Texting relies on screen-centric prompts designed for sighted users, still posing significant barriers to people who are blind and visually impaired (BVI). Can we re-imagine texting untethered from a visual display? In an interview study, 20 BVI adults shared situations surrounding their texting practices, recurrent topics of conversations, and challenges. Informed by these insights, we introduce TextFlow, a mixed-initiative context-aware system that generates entirely auditory message options relevant to the users’ location, activity, and time of the day. Users can browse and select suggested aural messages using finger-taps supported by an off-the-shelf finger-worn device without having to hold or attend to a mobile screen. In an evaluative study, 10 BVI participants successfully interacted with TextFlow to browse and send messages in screen-free mode. The experiential response of the users shed light on the importance of bypassing the phone and accessing rapidly controllable messages at their fingertips while preserving privacy and accuracy with respect to speech or screen-based input. We discuss how non-visual access to proactive, contextual messaging can support the blind in a variety of daily scenarios.

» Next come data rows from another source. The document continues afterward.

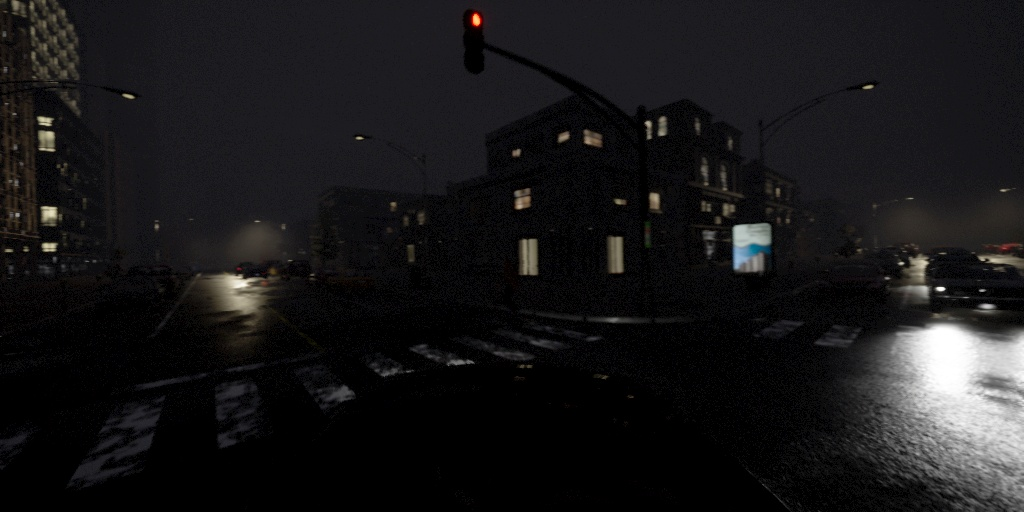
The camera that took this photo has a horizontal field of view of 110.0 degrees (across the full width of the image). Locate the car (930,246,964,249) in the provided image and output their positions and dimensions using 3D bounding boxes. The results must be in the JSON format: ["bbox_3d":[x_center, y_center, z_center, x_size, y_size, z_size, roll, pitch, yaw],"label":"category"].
[{"bbox_3d":[28.803,0.166,23.631,5.008,1.535,1.882,-2,1,-41],"label":"car"}]

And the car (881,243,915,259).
[{"bbox_3d":[29.175,0.086,27.502,4.097,1.591,1.967,0,0,-41],"label":"car"}]

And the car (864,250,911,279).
[{"bbox_3d":[20.839,0.510,20.264,4.403,1.370,2.007,0,0,-41],"label":"car"}]

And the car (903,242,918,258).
[{"bbox_3d":[45.847,-0.662,41.978,5.009,1.841,2.192,0,0,-41],"label":"car"}]

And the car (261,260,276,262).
[{"bbox_3d":[-30.494,1.428,45.632,2.192,1.841,5.009,0,0,-40],"label":"car"}]

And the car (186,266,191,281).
[{"bbox_3d":[-26.213,1.694,27.527,1.888,1.381,4.507,0,0,-40],"label":"car"}]

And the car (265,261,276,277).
[{"bbox_3d":[-27.039,1.585,41.525,1.751,1.417,4.829,0,0,-40],"label":"car"}]

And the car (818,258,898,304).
[{"bbox_3d":[12.504,0.856,13.027,4.207,1.307,1.802,0,0,-41],"label":"car"}]

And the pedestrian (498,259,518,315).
[{"bbox_3d":[-0.072,0.947,11.248,0.375,1.860,0.375,-1,0,-40],"label":"pedestrian"}]

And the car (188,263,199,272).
[{"bbox_3d":[-40.469,1.930,44.476,1.948,1.339,4.313,0,0,-40],"label":"car"}]

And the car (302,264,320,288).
[{"bbox_3d":[-12.673,1.430,24.447,1.802,1.307,4.207,0,0,-40],"label":"car"}]

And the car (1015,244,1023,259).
[{"bbox_3d":[47.160,-0.498,32.019,4.097,1.591,1.967,0,0,-41],"label":"car"}]

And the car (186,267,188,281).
[{"bbox_3d":[-22.649,1.647,23.291,2.007,1.370,4.403,0,0,-40],"label":"car"}]

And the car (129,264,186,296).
[{"bbox_3d":[-19.085,1.359,19.053,2.192,1.841,5.009,0,0,-40],"label":"car"}]

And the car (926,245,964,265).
[{"bbox_3d":[36.720,-0.131,30.504,5.008,1.535,1.882,-2,1,-41],"label":"car"}]

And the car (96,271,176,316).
[{"bbox_3d":[-15.521,1.543,14.816,2.007,1.370,4.403,0,0,-40],"label":"car"}]

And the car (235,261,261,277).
[{"bbox_3d":[-32.562,1.528,43.892,2.097,1.767,4.553,-2,0,-40],"label":"car"}]

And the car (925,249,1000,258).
[{"bbox_3d":[20.935,0.548,16.890,4.181,1.385,1.994,-2,1,-40],"label":"car"}]

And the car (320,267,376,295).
[{"bbox_3d":[-9.218,1.322,20.339,1.751,1.417,4.829,0,0,-40],"label":"car"}]

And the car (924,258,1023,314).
[{"bbox_3d":[13.336,0.871,10.295,4.718,1.301,1.895,-2,1,-41],"label":"car"}]

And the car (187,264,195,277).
[{"bbox_3d":[-33.233,1.781,35.871,1.751,1.417,4.829,0,0,-40],"label":"car"}]

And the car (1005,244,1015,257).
[{"bbox_3d":[51.328,-0.543,35.639,4.403,1.370,2.007,0,0,-41],"label":"car"}]

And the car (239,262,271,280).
[{"bbox_3d":[-25.522,1.595,35.595,1.812,1.442,4.674,-2,1,-40],"label":"car"}]

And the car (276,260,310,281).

短信依赖于为视力正常的用户设计的以屏幕为中心的提示,这仍然给盲人和视障人士(BVI)造成了很大的障碍。我们能重新想象不受视觉显示束缚的短信吗?在一项采访研究中,20名英属维尔京群岛成年人分享了他们发短信的情况、经常谈论的话题和面临的挑战。根据这些见解,我们推出了TextFlow,这是一个混合主动的上下文感知系统,可以根据用户的位置、活动和时间生成完全听觉的消息选项。用户可以通过手指点击浏览和选择建议的语音信息,而无需手持或关注手机屏幕。在一项评估性研究中,10名BVI参与者成功地与TextFlow交互,在无屏幕模式下浏览和发送消息。用户的体验反应揭示了绕过手机,用指尖快速获取可控信息的重要性,同时在语音或屏幕输入方面保持隐私和准确性。我们讨论了如何在各种日常场景中为盲人提供主动的、上下文信息的非视觉访问。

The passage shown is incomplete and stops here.